• TASK PROMPT:
With the pictures omitted, transcribe each line below exactly as it is.

Excerpts from a dataset:
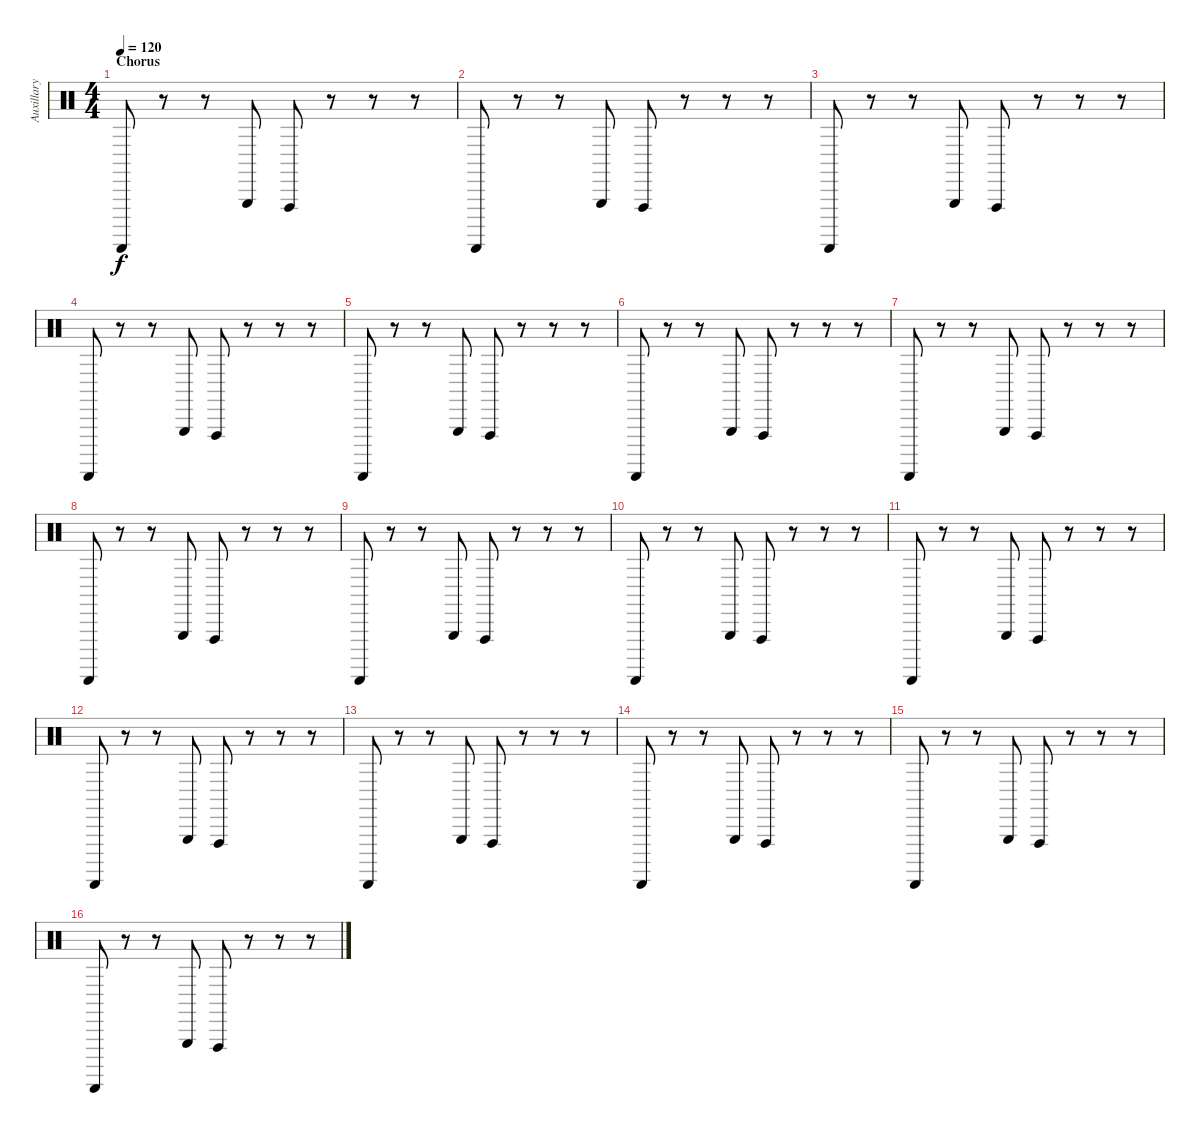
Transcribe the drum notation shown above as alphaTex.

\track ("Auxillary 2" "Auxillary ") {instrument percussion}
\staff {score}
\articulation defaults
\ts (4 4)
\section ("" "Chorus")
\tempo 120
\clef neutral
\ks c "Guiro (scrap-return)".8{dy f}
r.8 r.8 "Triangle (hit)".8 "Vibraslap (hit)".8 r.8 r.8 r.8 |
"Guiro (scrap-return)".8 r.8 r.8 "Triangle (hit)".8 "Vibraslap (hit)".8 r.8 r.8 r.8 |
"Guiro (scrap-return)".8 r.8 r.8 "Triangle (hit)".8 "Vibraslap (hit)".8 r.8 r.8 r.8 |
"Guiro (scrap-return)".8 r.8 r.8 "Triangle (hit)".8 "Vibraslap (hit)".8 r.8 r.8 r.8 |
"Guiro (scrap-return)".8 r.8 r.8 "Triangle (hit)".8 "Vibraslap (hit)".8 r.8 r.8 r.8 |
"Guiro (scrap-return)".8 r.8 r.8 "Triangle (hit)".8 "Vibraslap (hit)".8 r.8 r.8 r.8 |
"Guiro (scrap-return)".8 r.8 r.8 "Triangle (hit)".8 "Vibraslap (hit)".8 r.8 r.8 r.8 |
"Guiro (scrap-return)".8 r.8 r.8 "Triangle (hit)".8 "Vibraslap (hit)".8 r.8 r.8 r.8 |
"Guiro (scrap-return)".8 r.8 r.8 "Triangle (hit)".8 "Vibraslap (hit)".8 r.8 r.8 r.8 |
"Guiro (scrap-return)".8 r.8 r.8 "Triangle (hit)".8 "Vibraslap (hit)".8 r.8 r.8 r.8 |
"Guiro (scrap-return)".8 r.8 r.8 "Triangle (hit)".8 "Vibraslap (hit)".8 r.8 r.8 r.8 |
"Guiro (scrap-return)".8 r.8 r.8 "Triangle (hit)".8 "Vibraslap (hit)".8 r.8 r.8 r.8 |
"Guiro (scrap-return)".8 r.8 r.8 "Triangle (hit)".8 "Vibraslap (hit)".8 r.8 r.8 r.8 |
"Guiro (scrap-return)".8 r.8 r.8 "Triangle (hit)".8 "Vibraslap (hit)".8 r.8 r.8 r.8 |
"Guiro (scrap-return)".8 r.8 r.8 "Triangle (hit)".8 "Vibraslap (hit)".8 r.8 r.8 r.8 |
"Guiro (scrap-return)".8 r.8 r.8 "Triangle (hit)".8 "Vibraslap (hit)".8 r.8 r.8 r.8

• EXERCISE SOLUTION:
Transcribe the drum notation shown above as alphaTex.

\track ("Auxillary 2" "Auxillary ") {instrument percussion}
\staff {score}
\articulation defaults
\ts (4 4)
\section ("" "Chorus")
\tempo 120
\clef neutral
\ks c "Guiro (scrap-return)".8{dy f}
r.8 r.8 "Triangle (hit)".8 "Vibraslap (hit)".8 r.8 r.8 r.8 |
"Guiro (scrap-return)".8 r.8 r.8 "Triangle (hit)".8 "Vibraslap (hit)".8 r.8 r.8 r.8 |
"Guiro (scrap-return)".8 r.8 r.8 "Triangle (hit)".8 "Vibraslap (hit)".8 r.8 r.8 r.8 |
"Guiro (scrap-return)".8 r.8 r.8 "Triangle (hit)".8 "Vibraslap (hit)".8 r.8 r.8 r.8 |
"Guiro (scrap-return)".8 r.8 r.8 "Triangle (hit)".8 "Vibraslap (hit)".8 r.8 r.8 r.8 |
"Guiro (scrap-return)".8 r.8 r.8 "Triangle (hit)".8 "Vibraslap (hit)".8 r.8 r.8 r.8 |
"Guiro (scrap-return)".8 r.8 r.8 "Triangle (hit)".8 "Vibraslap (hit)".8 r.8 r.8 r.8 |
"Guiro (scrap-return)".8 r.8 r.8 "Triangle (hit)".8 "Vibraslap (hit)".8 r.8 r.8 r.8 |
"Guiro (scrap-return)".8 r.8 r.8 "Triangle (hit)".8 "Vibraslap (hit)".8 r.8 r.8 r.8 |
"Guiro (scrap-return)".8 r.8 r.8 "Triangle (hit)".8 "Vibraslap (hit)".8 r.8 r.8 r.8 |
"Guiro (scrap-return)".8 r.8 r.8 "Triangle (hit)".8 "Vibraslap (hit)".8 r.8 r.8 r.8 |
"Guiro (scrap-return)".8 r.8 r.8 "Triangle (hit)".8 "Vibraslap (hit)".8 r.8 r.8 r.8 |
"Guiro (scrap-return)".8 r.8 r.8 "Triangle (hit)".8 "Vibraslap (hit)".8 r.8 r.8 r.8 |
"Guiro (scrap-return)".8 r.8 r.8 "Triangle (hit)".8 "Vibraslap (hit)".8 r.8 r.8 r.8 |
"Guiro (scrap-return)".8 r.8 r.8 "Triangle (hit)".8 "Vibraslap (hit)".8 r.8 r.8 r.8 |
"Guiro (scrap-return)".8 r.8 r.8 "Triangle (hit)".8 "Vibraslap (hit)".8 r.8 r.8 r.8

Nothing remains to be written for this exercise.